GuPPy aligns the z-scored trace to each event timestamp in `Sample_TTL.csv`, extracts the window defined by the *Seconds before 0* / *Seconds after 0* parameters (internally `nSecPrev`, `nSecPost`) around each event, and averages across all trials. The result is a peri-stimulus time histogram (PSTH).

The default window is -10 to +20 seconds. With the sample data you will get a small number of trials (the TTL file has just a handful of timestamps), so the average will be noisy. This is expected for a minimal example dataset.

The outputs land in the same `sample_data_csv_1_output_1/` directory you have been using since Step 2, with one set of files per (event, region) pair.
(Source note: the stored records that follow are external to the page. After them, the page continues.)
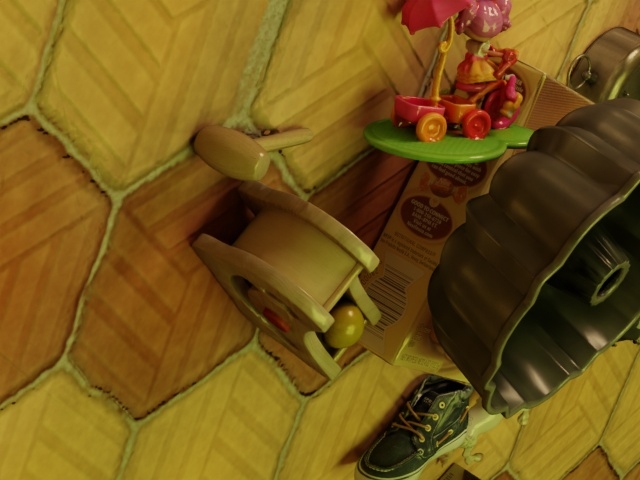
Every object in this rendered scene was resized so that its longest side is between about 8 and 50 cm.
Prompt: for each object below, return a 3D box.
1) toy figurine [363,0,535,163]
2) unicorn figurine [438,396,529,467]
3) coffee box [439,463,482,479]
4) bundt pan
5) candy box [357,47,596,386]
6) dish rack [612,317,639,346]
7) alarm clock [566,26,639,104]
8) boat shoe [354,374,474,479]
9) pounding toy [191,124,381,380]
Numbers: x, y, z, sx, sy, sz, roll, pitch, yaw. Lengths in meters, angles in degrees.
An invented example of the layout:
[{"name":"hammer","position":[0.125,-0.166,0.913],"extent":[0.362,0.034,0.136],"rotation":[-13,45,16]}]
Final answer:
[{"name":"toy figurine","position":[0.130,-0.163,1.628],"extent":[0.173,0.130,0.159],"rotation":[-4,111,-27]},{"name":"unicorn figurine","position":[0.191,0.190,2.062],"extent":[0.162,0.060,0.111],"rotation":[-53,148,-11]},{"name":"coffee box","position":[0.221,0.408,2.057],"extent":[0.168,0.297,0.119],"rotation":[-44,145,-24]},{"name":"bundt pan","position":[0.226,0.003,1.690],"extent":[0.331,0.124,0.331],"rotation":[-37,154,-22]},{"name":"candy box","position":[0.156,-0.020,1.814],"extent":[0.183,0.087,0.316],"rotation":[18,101,-58]},{"name":"dish rack","position":[0.348,0.022,2.079],"extent":[0.271,0.074,0.208],"rotation":[91,21,-85]},{"name":"alarm clock","position":[0.310,-0.163,1.946],"extent":[0.192,0.064,0.129],"rotation":[13,105,-54]},{"name":"boat shoe","position":[0.100,0.199,1.946],"extent":[0.183,0.065,0.083],"rotation":[-29,135,-49]},{"name":"pounding toy","position":[0.000,0.000,1.547],"extent":[0.155,0.154,0.269],"rotation":[-52,148,-13]}]

For this tutorial that is the single pair `(RewardPort, A)`:

| File | Contents |
|------|----------|
| `RewardPort_A.hdf5` | The peri-event timestamps (the x-axis of the PSTH) |
| `RewardPort_A_z_score_A.h5` | The PSTH dataframe: one column per trial, plus `mean` and `err` (standard error) columns and the `timestamps` column |
| `RewardPort_A_baselineUncorrected_z_score_A.h5` | Same dataframe before baseline correction was applied (kept for inspection) |
| `peak_AUC_RewardPort_A_z_score_A.csv` and matching `.hdf5` | Peak amplitude and area-under-curve for the trial-mean PSTH |

The visualization step in Step 6 reads these files; you do not need to inspect them by hand.
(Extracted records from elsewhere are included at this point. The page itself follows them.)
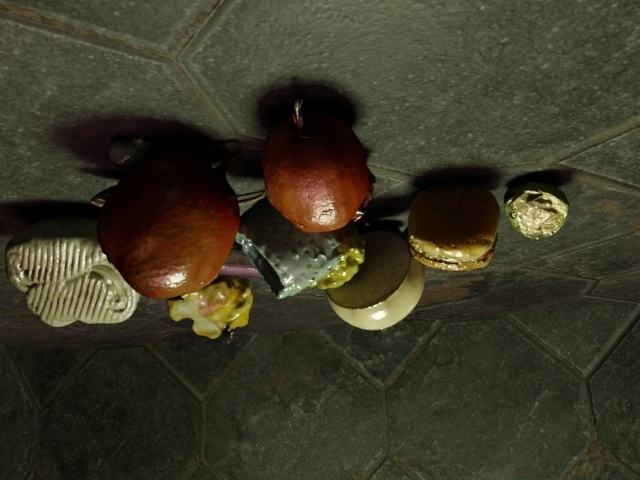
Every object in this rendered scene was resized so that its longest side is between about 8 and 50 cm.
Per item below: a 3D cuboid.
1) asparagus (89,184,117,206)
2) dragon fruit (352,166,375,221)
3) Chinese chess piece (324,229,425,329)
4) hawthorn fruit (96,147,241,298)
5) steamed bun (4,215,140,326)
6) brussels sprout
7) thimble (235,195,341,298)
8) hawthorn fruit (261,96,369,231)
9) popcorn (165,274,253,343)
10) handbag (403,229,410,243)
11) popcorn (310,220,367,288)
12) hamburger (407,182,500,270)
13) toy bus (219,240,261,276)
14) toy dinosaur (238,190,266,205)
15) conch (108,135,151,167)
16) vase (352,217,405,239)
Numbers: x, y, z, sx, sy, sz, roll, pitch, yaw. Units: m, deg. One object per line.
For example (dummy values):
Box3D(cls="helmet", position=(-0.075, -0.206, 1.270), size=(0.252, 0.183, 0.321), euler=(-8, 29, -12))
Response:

## Step 6: Visualize the results

Back on the homepage, expand the **Visualization Parameters** card. Leave both settings at their defaults: **z-score or ΔF/F?** stays at `z_score` (the metric we computed in Step 4), and **Visualize Average Results?** stays at `False`. The latter is a group-analysis feature for averaging across multiple sessions and requires `Average Group?` to have been enabled during PSTH computation; we have a single session, so it does not apply here.
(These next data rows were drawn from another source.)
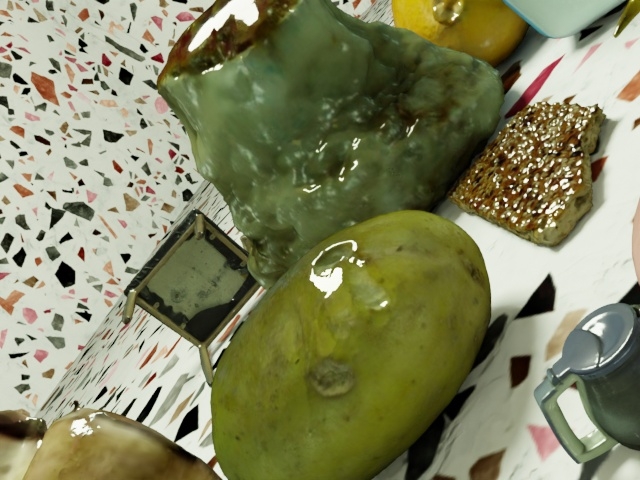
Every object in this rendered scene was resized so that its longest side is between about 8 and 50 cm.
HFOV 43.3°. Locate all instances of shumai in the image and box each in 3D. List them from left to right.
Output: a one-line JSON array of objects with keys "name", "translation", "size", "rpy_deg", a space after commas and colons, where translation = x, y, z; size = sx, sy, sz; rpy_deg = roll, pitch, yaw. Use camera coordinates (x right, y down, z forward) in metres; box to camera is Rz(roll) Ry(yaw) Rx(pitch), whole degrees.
[{"name": "shumai", "translation": [-0.017, -0.150, 0.942], "size": [0.397, 0.323, 0.324], "rpy_deg": [-28, 26, 47]}]

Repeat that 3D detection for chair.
[{"name": "chair", "translation": [-0.178, 0.068, 1.200], "size": [0.188, 0.166, 0.272], "rpy_deg": [-49, 14, 2]}]

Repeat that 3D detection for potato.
[{"name": "potato", "translation": [0.018, 0.084, 0.590], "size": [0.228, 0.148, 0.197], "rpy_deg": [-44, 0, 34]}]

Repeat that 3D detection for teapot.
[{"name": "teapot", "translation": [0.146, 0.070, 0.399], "size": [0.088, 0.057, 0.066], "rpy_deg": [-46, 13, 13]}]

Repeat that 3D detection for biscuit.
[{"name": "biscuit", "translation": [0.188, -0.068, 0.703], "size": [0.131, 0.026, 0.237], "rpy_deg": [-51, 13, 3]}]

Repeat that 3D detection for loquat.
[{"name": "loquat", "translation": [0.182, -0.307, 1.039], "size": [0.176, 0.187, 0.234], "rpy_deg": [-10, 21, 21]}]

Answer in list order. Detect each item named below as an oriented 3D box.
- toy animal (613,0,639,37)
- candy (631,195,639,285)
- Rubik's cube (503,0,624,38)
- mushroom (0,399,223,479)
[{"name": "toy animal", "translation": [0.276, -0.183, 0.606], "size": [0.219, 0.095, 0.155], "rpy_deg": [28, 75, 45]}, {"name": "candy", "translation": [0.242, -0.038, 0.303], "size": [0.255, 0.094, 0.255], "rpy_deg": [-46, 14, 15]}, {"name": "Rubik's cube", "translation": [0.274, -0.473, 0.836], "size": [0.352, 0.347, 0.352], "rpy_deg": [-40, 16, 36]}, {"name": "mushroom", "translation": [-0.256, 0.357, 0.670], "size": [0.313, 0.224, 0.397], "rpy_deg": [-14, 42, 44]}]

Click **Open Visualization GUI** in the sidebar. A new browser tab opens with the Visualization GUI for this session, organized into two tabs.

```{image} ../_static/images/03_visualization.png
:alt: GuPPy Visualization GUI showing the PSTH tab with the RewardPort event selected
:align: center
```

The **PSTH** tab is the default view. It shows the trial-aligned trace for one event with controls running down the left:

- *Event selector*: which TTL channel to align to (here `RewardPort`).
- *X* and *Y* dropdowns: what to plot on each axis. X is typically `timestamps`, Y can be `mean` (the trial average) or an individual trial like `trial_1`.
- *X Limit* and *Y Limit* range sliders: restrict the displayed window.
- *Width Plot*, *Height Plot*, *Y Label*, *Save options* dropdowns and a *Save PSTH* button: figure dimensions and export.

On the right is a trial multi-select (*Trial # - Timestamps*) and a *Select mean and/or just trials* checkbox group, which together let you overlay any combination of individual trials and the mean. With a TTL file containing only a handful of timestamps, the average will be noisy; this is expected for the minimal sample dataset.

The **Heat Map** tab shows trials stacked vertically with colour encoding the metric, which is the better view for inspecting trial-to-trial variability. Its controls mirror the PSTH tab: event selector, *Color map* (`plasma`, `viridis`, …), width and height, save options, and a trial picker.

For this tutorial, the goal is just to reach a rendered PSTH; feel free to play with the controls. A deeper walkthrough of the visualization options will live in an upcoming how-to guide.

## Next steps

- See [How-to Guides](../how-to/index.md) for task-specific instructions (TDT data ingestion, artifact removal, group analysis, etc.).
- See [Explanation](../explanation/index.md) for background on the isosbestic correction and z-score methods.